Results: HyFS treatment inhibited cell proliferation and induced autophagy in A549 and H460 lung cancer cells, but stronger inhibition of cell proliferation and induction of cell apoptosis were shown when HyFS-mediated autophagy was blocked. The Hsp90/Akt/mTOR axis was found to be involved in the activation of HyFS-mediated autophagy. Evidence of direct interaction between Hsp90 and Akt was observed. HyFS treatment resulted in decreased levels of heat shock protein 90 (Hsp90) and phosphorylated Akt, overexpression of Hsp90 increased activation of autophagy, and inhibition of Hsp90 expression decreased autophagy. In addition, ubiquitin-mediated degradation of Hsp90 and subsequent dephosphorylation of its client protein Akt were also found in HyFS-treated lung cancer cells. Moreover, combination treatment with HyFS and chloroquine showed remarkably increased tumor inhibition in both A549- and H460-bearing mice.
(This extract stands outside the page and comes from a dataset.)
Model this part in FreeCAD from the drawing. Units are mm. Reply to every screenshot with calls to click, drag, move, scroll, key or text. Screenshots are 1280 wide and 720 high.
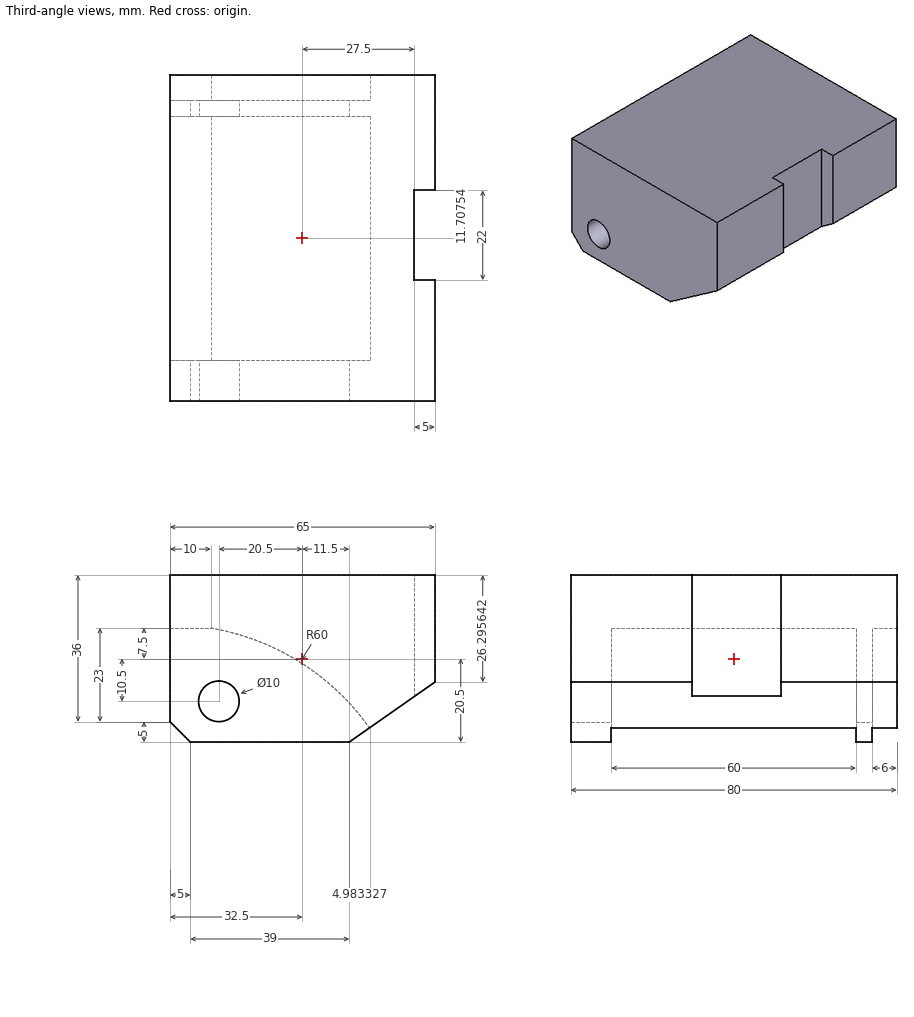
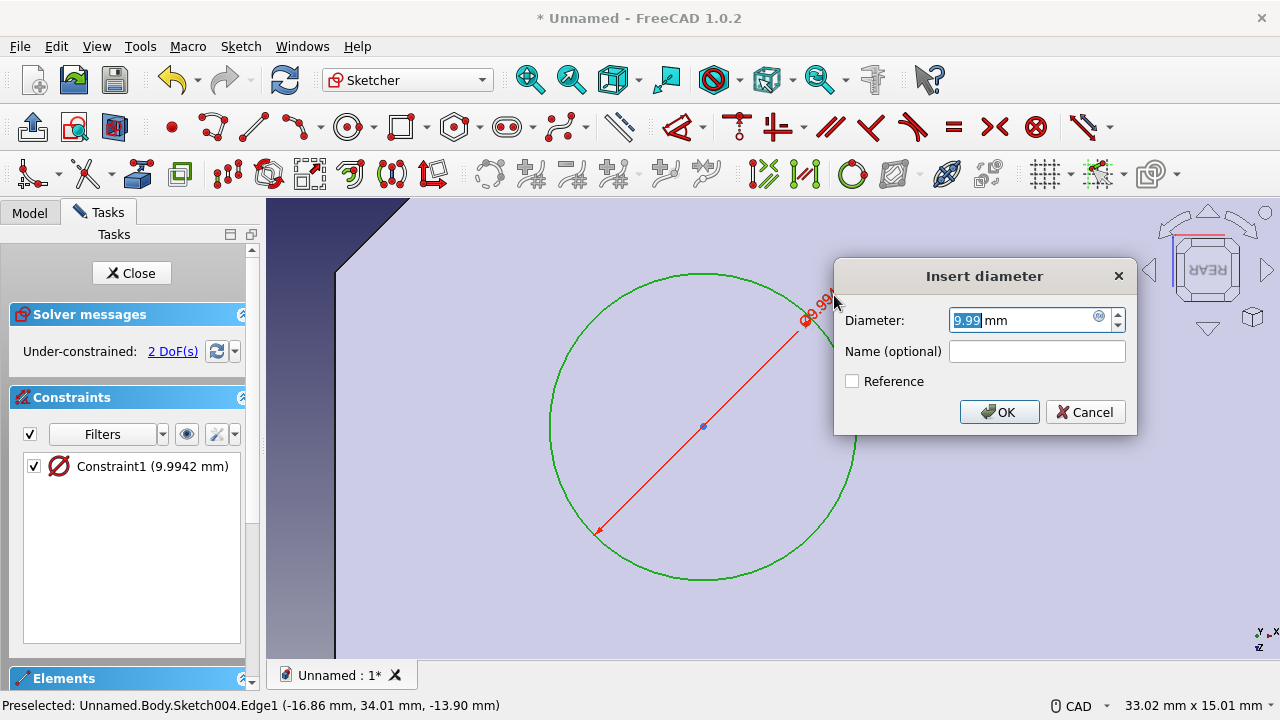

Conclusion: Our results demonstrate that HyFS induced cytoprotective autophagy through ubiquitin-mediated degradation of Hsp90, which further blocked the Akt/mTOR pathway in lung cancer cells. Thus, a combination of a HyFS-like cardenolide and an autophagic inhibitor is a potential alternative approach for the treatment of lung cancer.
Keywords: 3′-epi-12β-hydroxyfroside, cardiac glycosides, autophagy, apoptosis, heat shock protein.